Being pratical about your current musical skill is important. How does anyone think they are going to be able to solo over a harmonic progression with quintuplelets if they can’t do it in quarter notes? How can someone think they can solo over a tune at 300 bpm when they are not solid at 100 bpm? Younger players sometimes think they are being heavy when they go for the “sheets of sound” riffing when they solo. They mainly think they sound heavy because they are not on any one given note long enough to make it obvious to them they do not know the changes. Denial can occur in the younger musician who receives praises for being able to play many notes.
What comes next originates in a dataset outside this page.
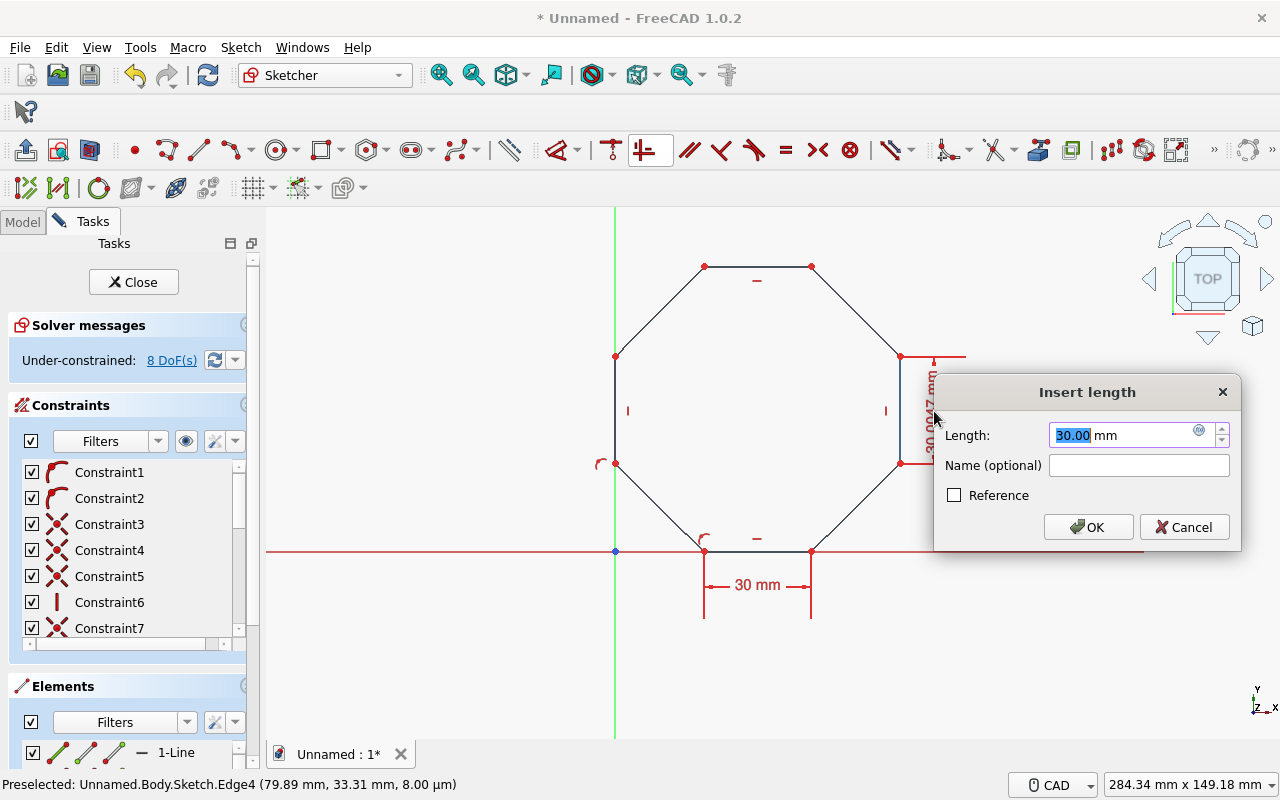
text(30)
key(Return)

There becomes a point though when the young improvisor needs to ask themself, do I know what I’m doing or am I just developing “confident jive”? When a player can analyze their capacities, growth is possible.
Learning as much as you can about harmony will make both riffing and compositions more valid. If you don’t know which notes belong to a certain set of chord changes, you are using the “search and destroy” method of improvising. Knowing about harmony makes one able to manipulate tension and release both compositionally and improvisationally. Harmonic knowledge increases development of the artistic voice. If one can walk through any set of harmonic changes it will be easier to run. There also has to be rhythmic control that goes with harmonic capacity.
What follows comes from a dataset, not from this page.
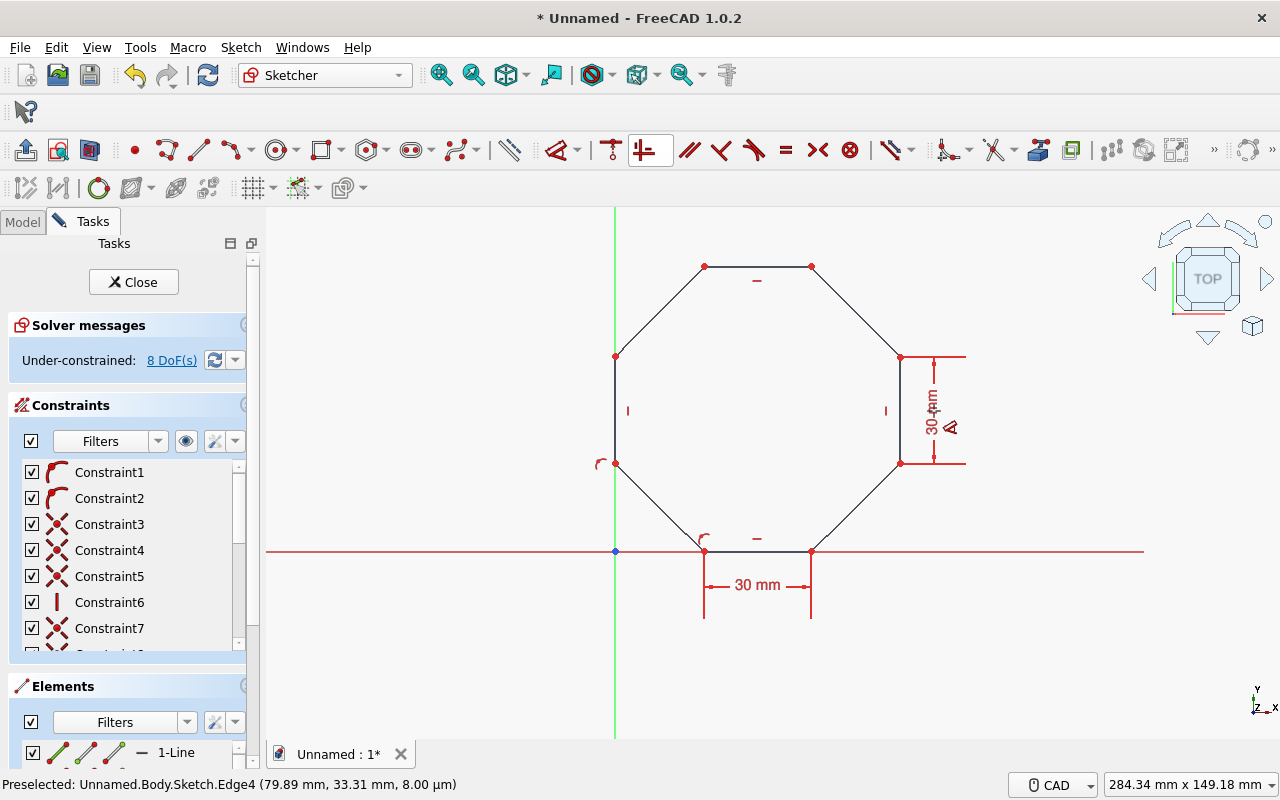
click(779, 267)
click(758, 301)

With composition, if every tune you write makes the veins in the player’s head pop out like Clint Eastwood, you will reduce the effect of that intensity! Even bands like Metallica realize if there is no contrast to the fast and loud with slow and soft you are losing potential musicallity. I used to think the challenge to writing music was to make it complex enough, then it would automatically be cool. When I was in the Scottish Rock band “The Heat”, I began to realize that it is just as challenging to write music for the masses. Writing music that only other musicians can value is cool, but it becomes easy to be tragically hip. One shouldn’t dismiss the ability to write something that nonmusicians can dig also. There is an art to that too.
As a musician matures it is most important to keep finding where the gaps are in their musical foundation and fill them in. Being self-aware is essential for the growth of one’s musical ability. If we don’t try to expand our musical foundation in both complex and simple directions we will stand still in our musical lives, which is never good.